- Barbara Goalen, 1954, by John French
- Born: Barbara Kathleen Bach 1 January 1921 Malaya
- Died: 16 June 2002 (aged 81) Putney, London
- Occupation: Model
- Years active: 1947–1954
- Spouse(s): Ian Goalen (1945–47), Nigel Campbell (1954–95)
- Children: 4

= Barbara Goalen =

British fashion model (1921–2002)

Barbara Goalen (1 January 1921 – 16 June 2002) was a British model who came to international prominence between 1945 and 1954, then gave up her career at the height of her success. Described as "the most photographed woman in Britain" and "arguably the first British supermodel", she epitomised post-war glamour and modelled for both Dior and Balenciaga.

==Early life==
Barbara Bach was born in British Malaya where her father, John Frederick Noel Bach, was a rubber plantation owner. She was sent back to the UK to prep school at the age of eight, moving on to St Mary's School in Calne, Wiltshire as a boarder. She spent a year studying art, giving this up to become an ambulance driver when war broke out. Her engagement to an RAF pilot ended when he was killed in action. She then married commercial pilot Ian Goalen who was killed in a plane crash in 1947, leaving her with a son and daughter.

==Modelling career==
Goalen became a model at the age of 24, with her mother taking care of her two young children. She said: "I didn't have to work for money, but I needed to for myself". While she also remarked – perhaps not entirely seriously – that it was a choice of that or taking in washing, even in austere post-war Britain good models could earn five guineas an hour – equivalent to the weekly wage for many working women of the time. Perks of the job included being treated as members of society, the loan of designer clothes and entrance to any event. Initially Goalen worked as a couture model and accepted every modelling commission, but later was to make her fee four times that of other models and restrict her appearances in order to be more 'exclusive'.

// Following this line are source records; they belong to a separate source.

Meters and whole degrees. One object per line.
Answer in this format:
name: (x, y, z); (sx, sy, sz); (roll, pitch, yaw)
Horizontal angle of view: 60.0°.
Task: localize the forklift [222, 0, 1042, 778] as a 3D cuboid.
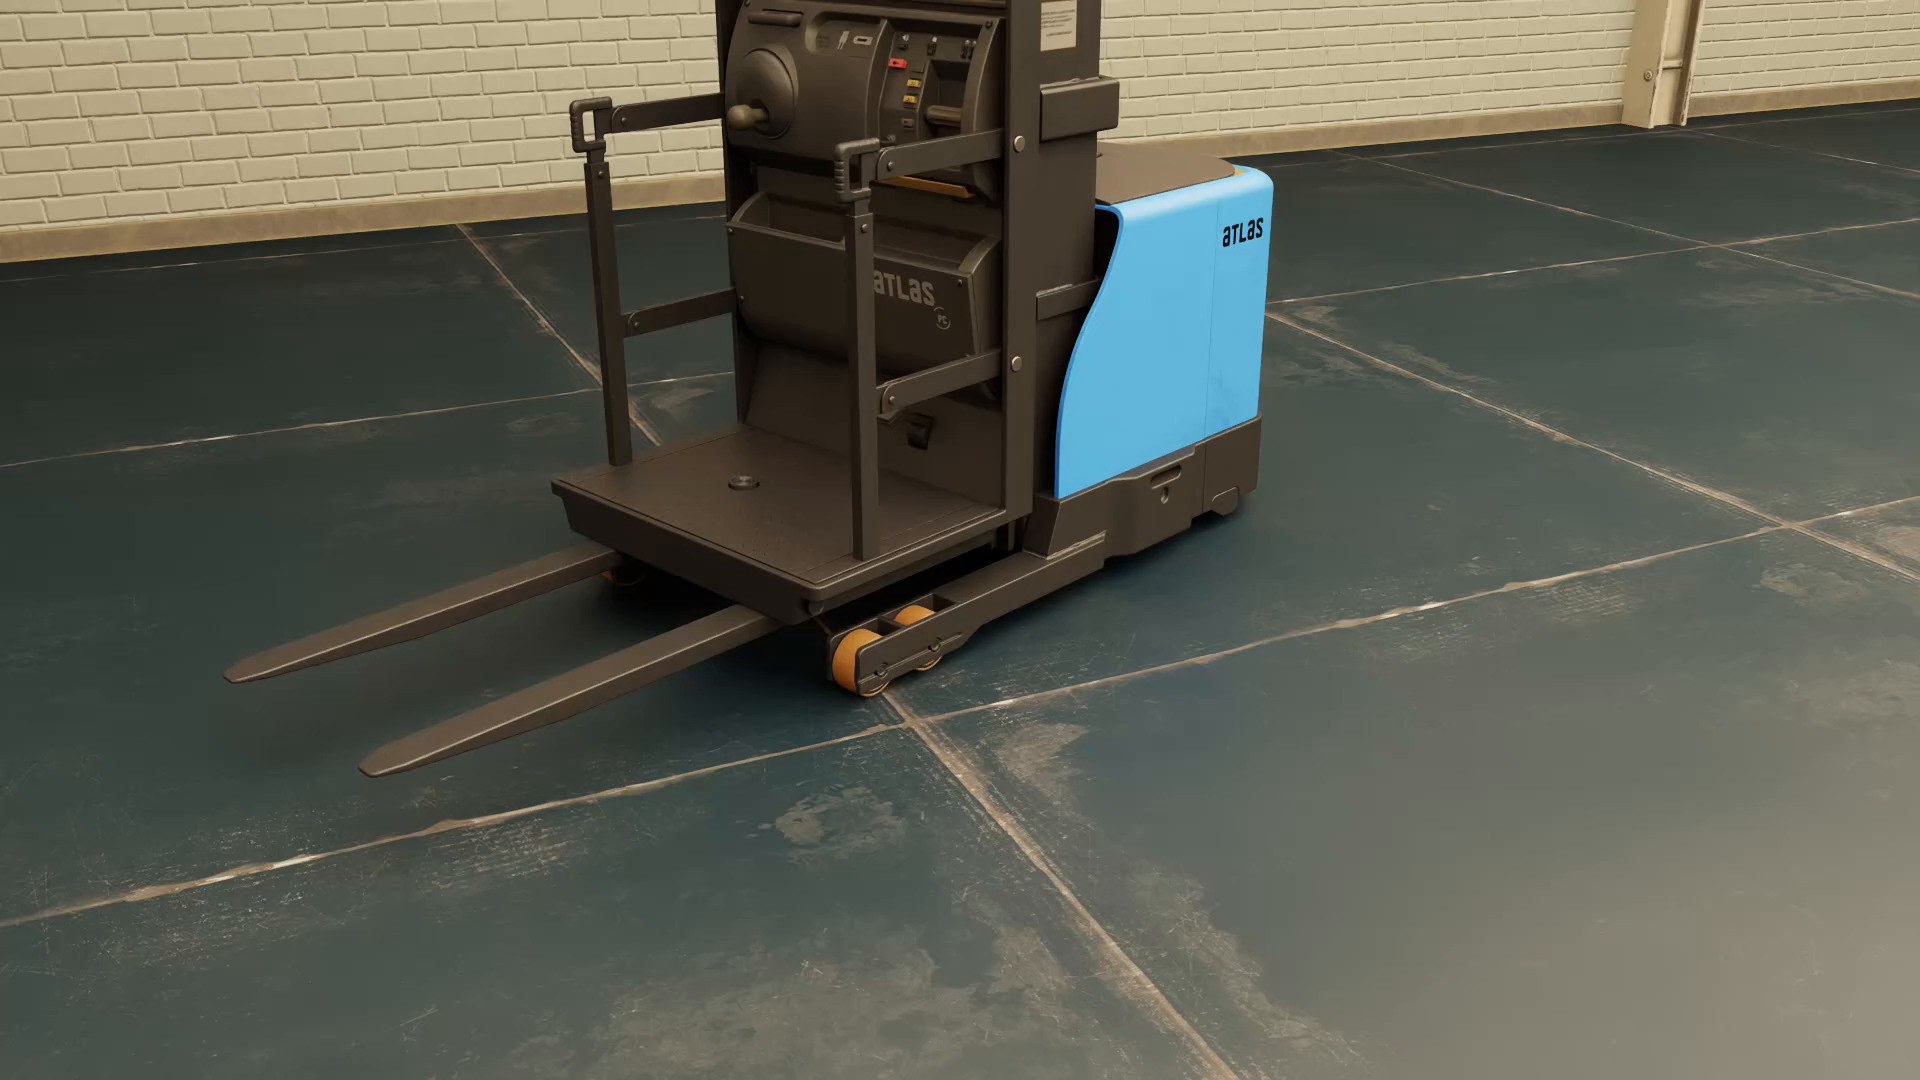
forklift: (-0.416, -1.183, 4.134); (1.121, 2.935, 3.031); (19, 29, 39)
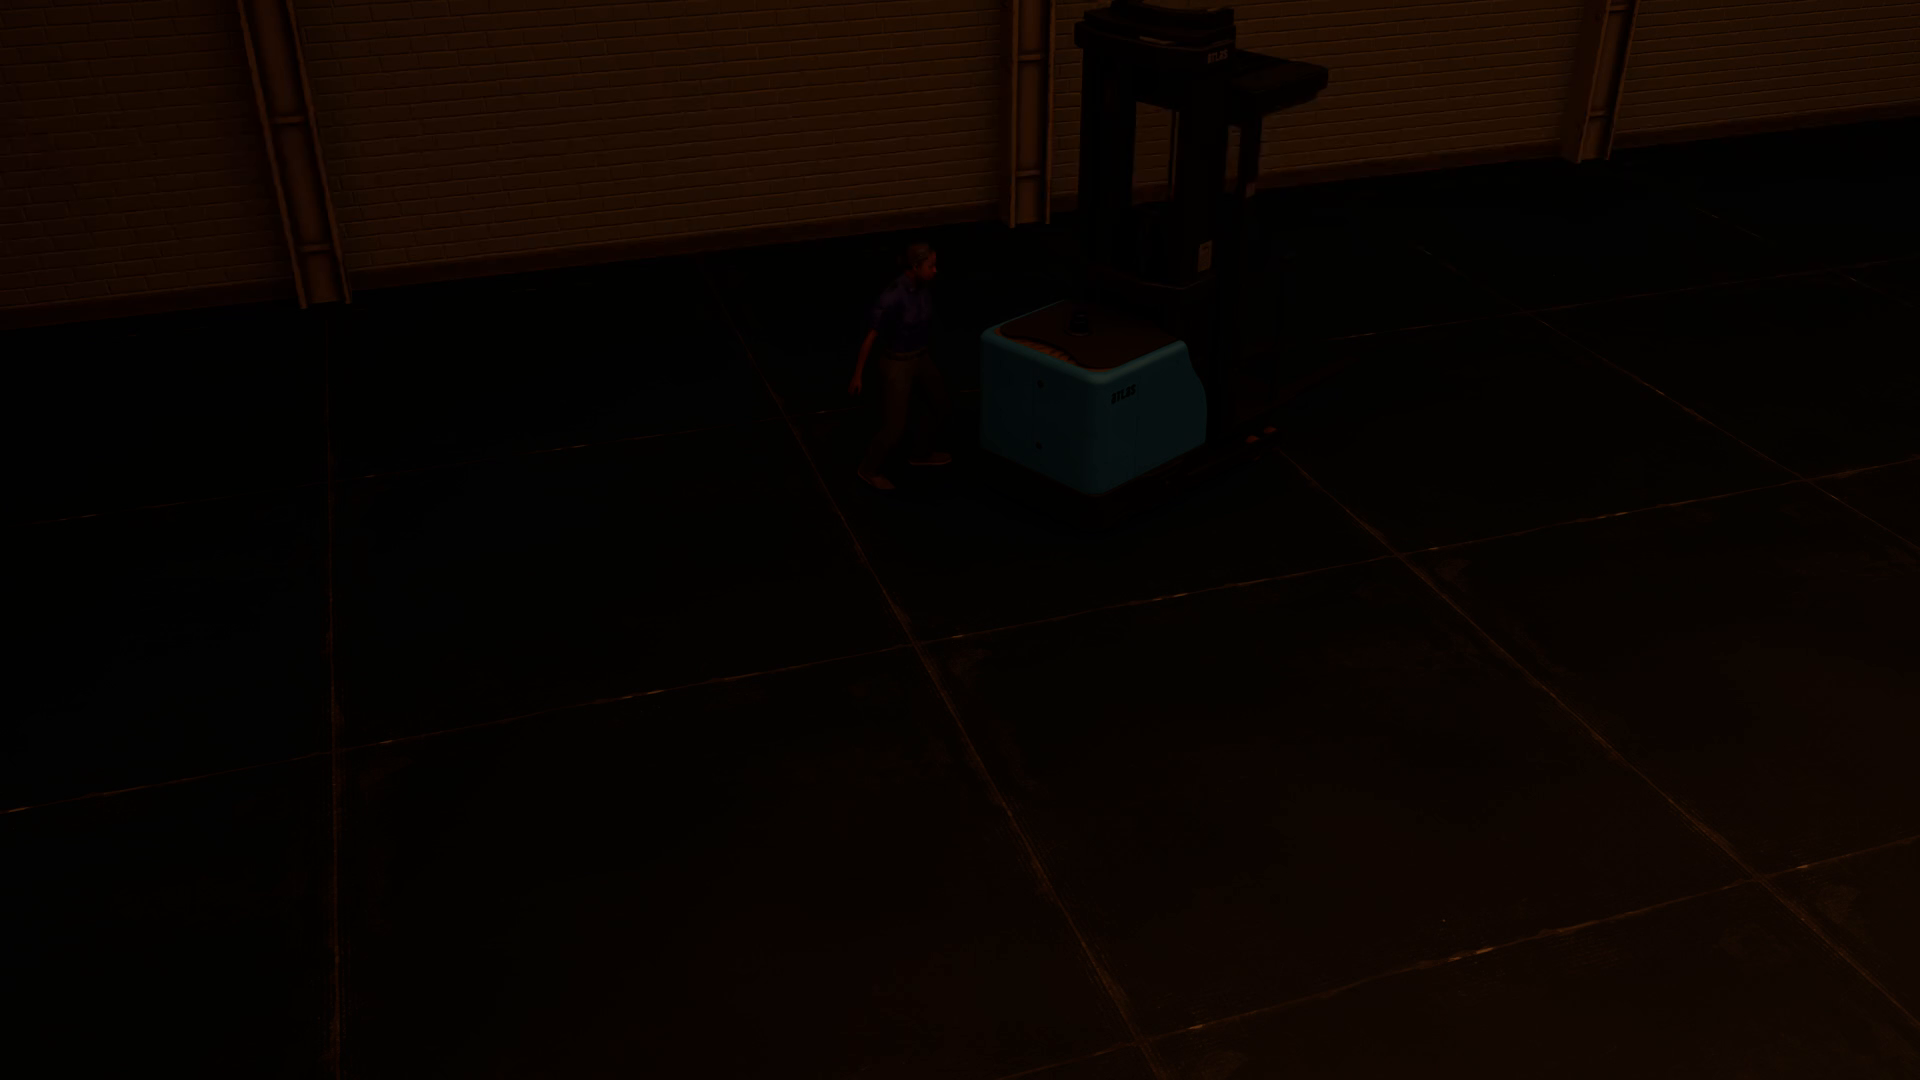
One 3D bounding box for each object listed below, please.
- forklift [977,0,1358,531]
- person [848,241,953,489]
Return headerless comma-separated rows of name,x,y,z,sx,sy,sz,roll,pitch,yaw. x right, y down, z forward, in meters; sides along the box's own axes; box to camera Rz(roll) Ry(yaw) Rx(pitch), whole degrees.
forklift,1.511,-1.953,10.481,3.031,2.935,1.130,-26,39,-37
person,-0.383,-1.070,10.335,0.446,1.634,0.815,22,37,33

Her elegant wasp-waisted shape was the perfect fit for the post-war 'New Look' fashions and she had what Vogue has described as the "mink and diamonds" look, thanks in part to her gamine short haircut (later more bouffant), arched and elongated eyebrows and high cheekbones. She said: "I was seven and a half stone and my measurements were: charlies 33, waist 18 – yes really – and hips 31".

Early on in her career, she became a favourite of Vogue photographer Clifford Coffin and was also to work with leading fashion names such as Norman Parkinson and Anthony Denney. Her big break came when she met photographer John French. From 1950, she made frequent appearances in the pages of Vogue and Harper's Bazaar. She also became among the first British models to be employed by French couture houses – notably Balenciaga and pioneer of the 'New Look' Dior ' – as well as modelling in New York and Australia. She was among the models chosen for a series of influential photoshoots by Elsbeth Juda for export magazine The Ambassador that were designed to promote British culture and industry abroad.

==Later life and work==
Goalen retired from modelling when she married Lloyd's underwriter Nigel Campbell in 1954, and the couple had two daughters. Such was her fame after her six-year modelling career that the wedding, at Caxton Hall, Westminster, was mobbed by onlookers. Subsequently known as Mrs Nigel Campbell, she organised the Berkeley dress show (a debutante event and fixture of the 'season') during the 1960s – despite her doubts about its relevance to the times. She also dispensed fashion advice in The Daily Telegraph and Daily Mirror designed children's clothes, modelled by her two young daughters.